▼▼▼
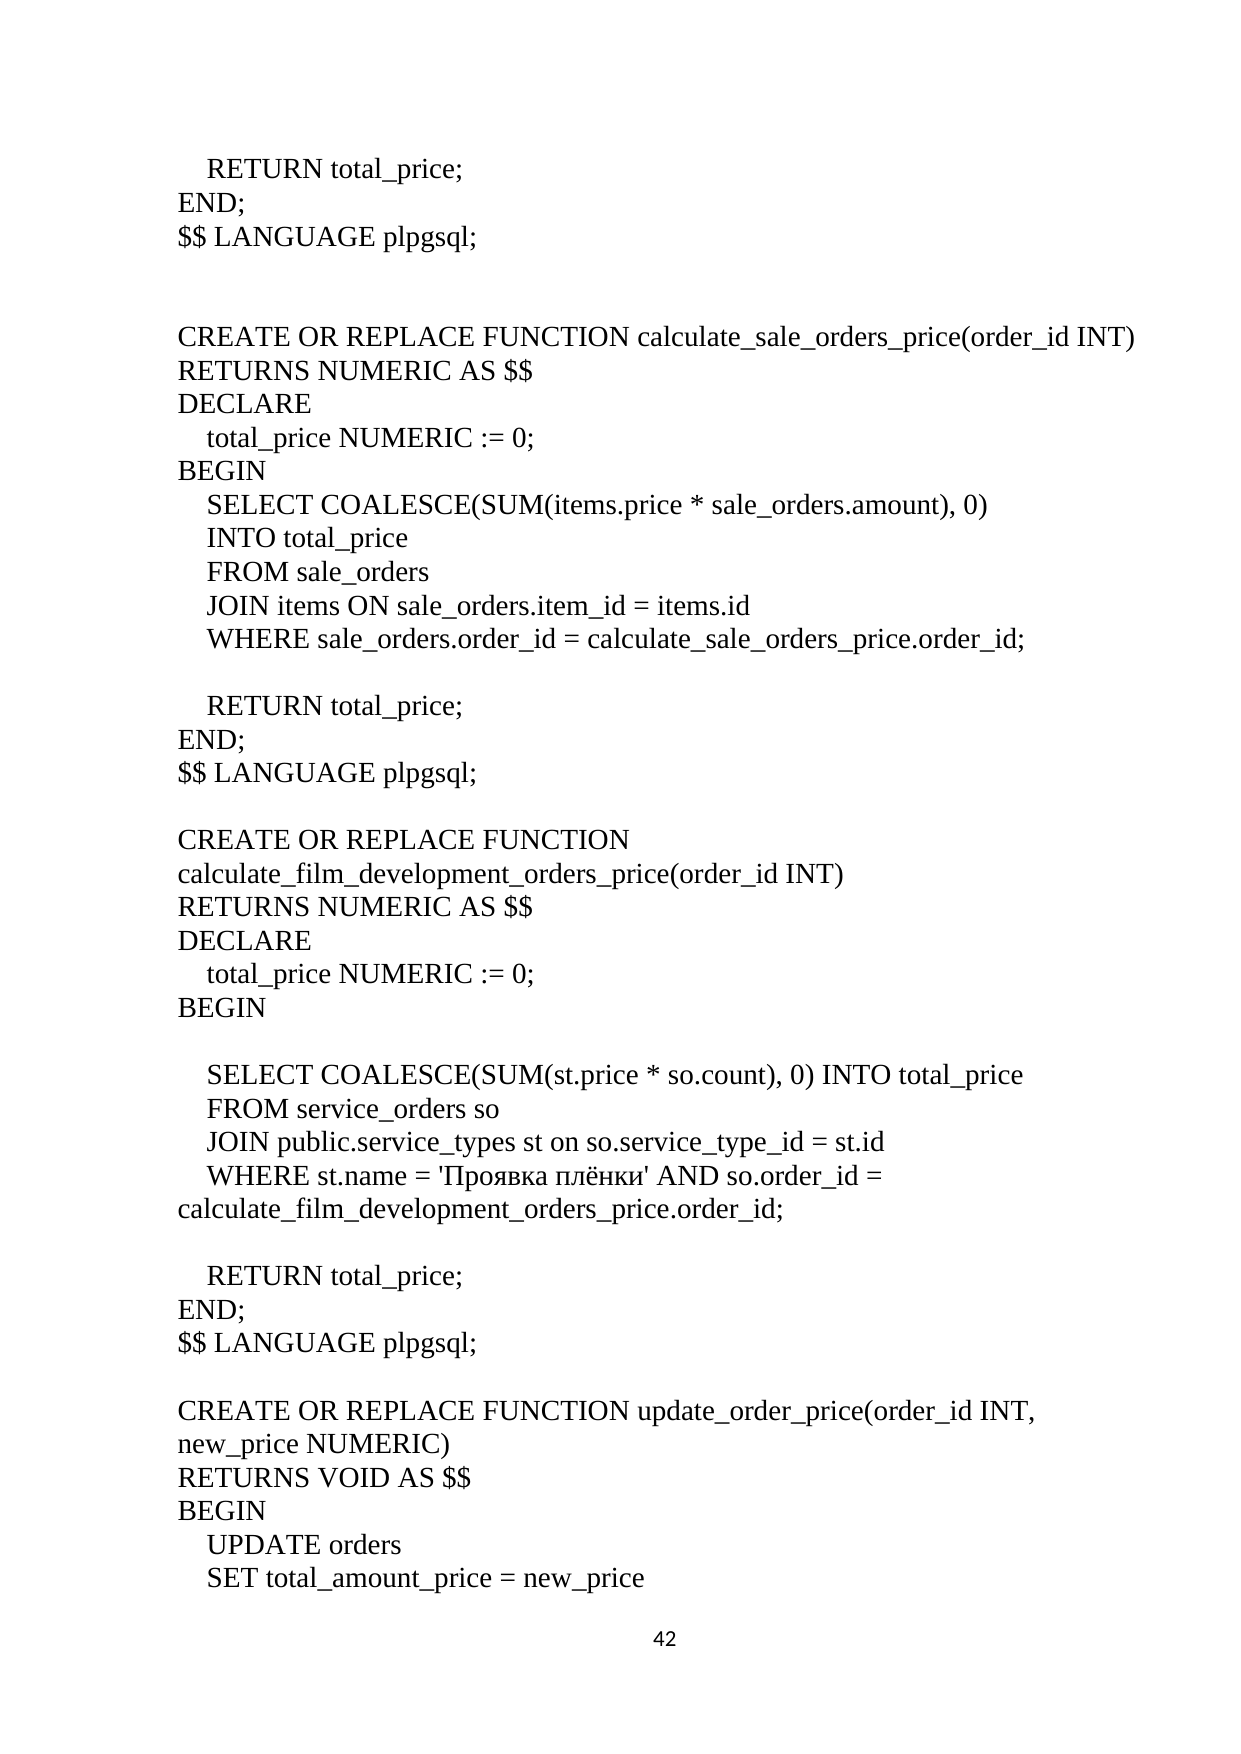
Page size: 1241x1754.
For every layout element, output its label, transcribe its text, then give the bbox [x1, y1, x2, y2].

text SELECT COALESCE(SUM(items.price * sale_orders.amount), 0) [177, 487, 1152, 521]
text $$ LANGUAGE plpgsql; [177, 219, 1152, 252]
text BEGIN [177, 453, 1152, 487]
text RETURN total_price; [177, 688, 1152, 722]
text RETURN total_price; [177, 1258, 1152, 1292]
text RETURNS VOID AS $$ [177, 1460, 1152, 1493]
text END; [177, 1292, 1152, 1326]
text RETURNS NUMERIC AS $$ [177, 889, 1152, 923]
text CREATE OR REPLACE FUNCTION calculate_film_development_orders_price(order_id INT) [177, 822, 1152, 889]
text total_price NUMERIC := 0; [177, 420, 1152, 453]
text FROM service_orders so [177, 1091, 1152, 1124]
text DECLARE [177, 386, 1152, 420]
text BEGIN [177, 990, 1152, 1024]
text JOIN public.service_types st on so.service_type_id = st.id [177, 1124, 1152, 1158]
text total_price NUMERIC := 0; [177, 957, 1152, 990]
text RETURNS NUMERIC AS $$ [177, 353, 1152, 386]
text $$ LANGUAGE plpgsql; [177, 755, 1152, 789]
text CREATE OR REPLACE FUNCTION calculate_sale_orders_price(order_id INT) [177, 319, 1152, 353]
text END; [177, 185, 1152, 219]
text SET total_amount_price = new_price [177, 1560, 1152, 1594]
text WHERE sale_orders.order_id = calculate_sale_orders_price.order_id; [177, 621, 1152, 655]
text INTO total_price [177, 521, 1152, 554]
text END; [177, 722, 1152, 755]
text CREATE OR REPLACE FUNCTION update_order_price(order_id INT, new_price NUMERIC) [177, 1393, 1152, 1460]
text $$ LANGUAGE plpgsql; [177, 1326, 1152, 1359]
text WHERE st.name = 'Проявка плёнки' AND so.order_id = calculate_film_development_orders_price.order_id; [177, 1158, 1152, 1225]
text RETURN total_price; [177, 152, 1152, 185]
text BEGIN [177, 1493, 1152, 1527]
text JOIN items ON sale_orders.item_id = items.id [177, 588, 1152, 621]
text UPDATE orders [177, 1527, 1152, 1560]
text SELECT COALESCE(SUM(st.price * so.count), 0) INTO total_price [177, 1057, 1152, 1091]
text FROM sale_orders [177, 554, 1152, 588]
text DECLARE [177, 923, 1152, 957]
▲▲▲
- _Task_
Using the records above, copy word for word the line with "822, 1152, 889]", the line with "text RETURNS NUMERIC AS $$ [177, 353, 1152, 386]", and every line between them.

- _Response area_
text CREATE OR REPLACE FUNCTION calculate_film_development_orders_price(order_id INT) [177, 822, 1152, 889]
text total_price NUMERIC := 0; [177, 420, 1152, 453]
text FROM service_orders so [177, 1091, 1152, 1124]
text DECLARE [177, 386, 1152, 420]
text BEGIN [177, 990, 1152, 1024]
text JOIN public.service_types st on so.service_type_id = st.id [177, 1124, 1152, 1158]
text total_price NUMERIC := 0; [177, 957, 1152, 990]
text RETURNS NUMERIC AS $$ [177, 353, 1152, 386]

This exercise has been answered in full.